## INSTRUCTIONS FOR THE TASK:
In the data below, find every line with the word "SUBTRACT" and copy it out.

◇ ◇ ◇ ◇ ◇ ◇ ◇

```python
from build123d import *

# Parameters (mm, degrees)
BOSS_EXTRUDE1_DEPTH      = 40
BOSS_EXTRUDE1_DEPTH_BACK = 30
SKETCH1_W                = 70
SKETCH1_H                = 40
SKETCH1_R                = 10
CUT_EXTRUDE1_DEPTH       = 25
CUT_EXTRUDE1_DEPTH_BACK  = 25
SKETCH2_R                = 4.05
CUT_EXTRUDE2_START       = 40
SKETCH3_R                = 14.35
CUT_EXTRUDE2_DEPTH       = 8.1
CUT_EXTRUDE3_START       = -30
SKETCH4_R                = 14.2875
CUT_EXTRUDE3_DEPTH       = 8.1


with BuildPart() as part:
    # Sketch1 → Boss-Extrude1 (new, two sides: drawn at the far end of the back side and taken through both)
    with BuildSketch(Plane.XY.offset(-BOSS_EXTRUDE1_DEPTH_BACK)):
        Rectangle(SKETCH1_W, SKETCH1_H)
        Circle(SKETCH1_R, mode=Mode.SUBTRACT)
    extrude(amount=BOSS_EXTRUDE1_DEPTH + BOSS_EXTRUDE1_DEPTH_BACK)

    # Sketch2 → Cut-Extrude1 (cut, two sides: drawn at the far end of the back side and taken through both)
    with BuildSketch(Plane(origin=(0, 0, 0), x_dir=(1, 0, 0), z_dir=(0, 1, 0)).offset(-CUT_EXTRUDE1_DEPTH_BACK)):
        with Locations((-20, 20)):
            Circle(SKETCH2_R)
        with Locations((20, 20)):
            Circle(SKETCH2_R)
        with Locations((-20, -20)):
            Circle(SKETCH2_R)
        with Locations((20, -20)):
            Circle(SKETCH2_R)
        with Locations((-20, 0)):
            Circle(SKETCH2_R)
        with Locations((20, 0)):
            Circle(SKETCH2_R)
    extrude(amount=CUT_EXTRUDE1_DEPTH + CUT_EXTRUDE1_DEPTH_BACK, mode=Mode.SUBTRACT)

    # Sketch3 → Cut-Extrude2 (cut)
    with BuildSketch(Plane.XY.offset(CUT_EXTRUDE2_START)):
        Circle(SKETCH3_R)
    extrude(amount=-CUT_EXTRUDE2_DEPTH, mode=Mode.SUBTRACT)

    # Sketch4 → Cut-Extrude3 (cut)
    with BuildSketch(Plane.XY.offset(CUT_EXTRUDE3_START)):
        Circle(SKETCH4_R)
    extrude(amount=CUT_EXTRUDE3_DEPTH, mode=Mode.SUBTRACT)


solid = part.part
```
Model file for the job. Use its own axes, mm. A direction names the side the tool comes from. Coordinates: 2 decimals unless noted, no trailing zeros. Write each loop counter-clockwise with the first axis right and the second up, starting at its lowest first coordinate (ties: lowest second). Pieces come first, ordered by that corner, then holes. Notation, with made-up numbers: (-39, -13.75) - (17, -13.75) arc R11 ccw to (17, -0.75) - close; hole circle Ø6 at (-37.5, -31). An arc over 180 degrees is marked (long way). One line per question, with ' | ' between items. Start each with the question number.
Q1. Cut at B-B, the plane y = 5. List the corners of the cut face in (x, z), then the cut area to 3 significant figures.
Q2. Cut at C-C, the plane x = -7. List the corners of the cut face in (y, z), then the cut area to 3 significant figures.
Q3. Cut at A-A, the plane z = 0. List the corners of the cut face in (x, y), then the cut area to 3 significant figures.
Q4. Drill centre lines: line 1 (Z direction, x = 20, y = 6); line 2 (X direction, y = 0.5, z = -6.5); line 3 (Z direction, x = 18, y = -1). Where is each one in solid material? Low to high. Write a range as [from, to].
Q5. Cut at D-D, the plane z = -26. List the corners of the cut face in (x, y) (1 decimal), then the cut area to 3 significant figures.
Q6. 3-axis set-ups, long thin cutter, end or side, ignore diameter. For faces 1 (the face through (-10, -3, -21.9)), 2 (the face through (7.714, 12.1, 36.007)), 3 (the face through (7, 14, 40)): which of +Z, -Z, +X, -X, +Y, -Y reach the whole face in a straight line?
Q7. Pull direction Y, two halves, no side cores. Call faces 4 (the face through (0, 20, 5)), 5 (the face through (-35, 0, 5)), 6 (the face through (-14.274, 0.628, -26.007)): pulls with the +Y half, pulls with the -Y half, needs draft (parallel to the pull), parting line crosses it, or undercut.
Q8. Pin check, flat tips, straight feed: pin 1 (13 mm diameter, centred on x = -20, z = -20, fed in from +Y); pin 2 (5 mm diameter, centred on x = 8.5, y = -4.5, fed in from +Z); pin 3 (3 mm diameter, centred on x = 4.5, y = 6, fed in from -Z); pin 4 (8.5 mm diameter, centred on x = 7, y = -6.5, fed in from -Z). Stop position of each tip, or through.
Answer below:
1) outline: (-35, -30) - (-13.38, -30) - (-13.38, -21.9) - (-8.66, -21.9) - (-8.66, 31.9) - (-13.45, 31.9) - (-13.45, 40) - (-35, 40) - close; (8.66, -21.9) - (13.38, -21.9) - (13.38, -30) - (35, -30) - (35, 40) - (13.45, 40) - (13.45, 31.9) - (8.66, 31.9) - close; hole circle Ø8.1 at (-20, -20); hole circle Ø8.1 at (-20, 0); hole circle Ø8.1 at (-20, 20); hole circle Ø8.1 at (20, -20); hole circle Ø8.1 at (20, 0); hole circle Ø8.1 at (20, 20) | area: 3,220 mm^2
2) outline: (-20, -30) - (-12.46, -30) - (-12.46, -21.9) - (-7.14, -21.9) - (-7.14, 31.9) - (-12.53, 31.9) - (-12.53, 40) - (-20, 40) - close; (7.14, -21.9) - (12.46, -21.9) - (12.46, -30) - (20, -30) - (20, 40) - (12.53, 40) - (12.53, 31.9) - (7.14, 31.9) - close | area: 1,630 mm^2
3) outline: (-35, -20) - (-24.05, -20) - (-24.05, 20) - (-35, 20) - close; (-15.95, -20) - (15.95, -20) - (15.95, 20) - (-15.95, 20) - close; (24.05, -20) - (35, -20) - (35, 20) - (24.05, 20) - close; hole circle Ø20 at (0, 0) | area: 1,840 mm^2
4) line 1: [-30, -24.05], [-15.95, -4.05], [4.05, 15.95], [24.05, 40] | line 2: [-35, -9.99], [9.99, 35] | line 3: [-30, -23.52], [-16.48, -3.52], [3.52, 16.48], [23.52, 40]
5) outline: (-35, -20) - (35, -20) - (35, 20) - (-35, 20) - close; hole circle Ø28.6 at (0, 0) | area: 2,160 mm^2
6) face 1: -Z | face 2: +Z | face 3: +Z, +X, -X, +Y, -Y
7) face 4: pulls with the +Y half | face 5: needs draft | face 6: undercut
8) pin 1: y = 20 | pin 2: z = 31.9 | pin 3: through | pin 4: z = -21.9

◇ ◇ ◇ ◇ ◇ ◇ ◇

## RESPONSE BOX:
        Circle(SKETCH1_R, mode=Mode.SUBTRACT)
    extrude(amount=CUT_EXTRUDE1_DEPTH + CUT_EXTRUDE1_DEPTH_BACK, mode=Mode.SUBTRACT)
    extrude(amount=-CUT_EXTRUDE2_DEPTH, mode=Mode.SUBTRACT)
    extrude(amount=CUT_EXTRUDE3_DEPTH, mode=Mode.SUBTRACT)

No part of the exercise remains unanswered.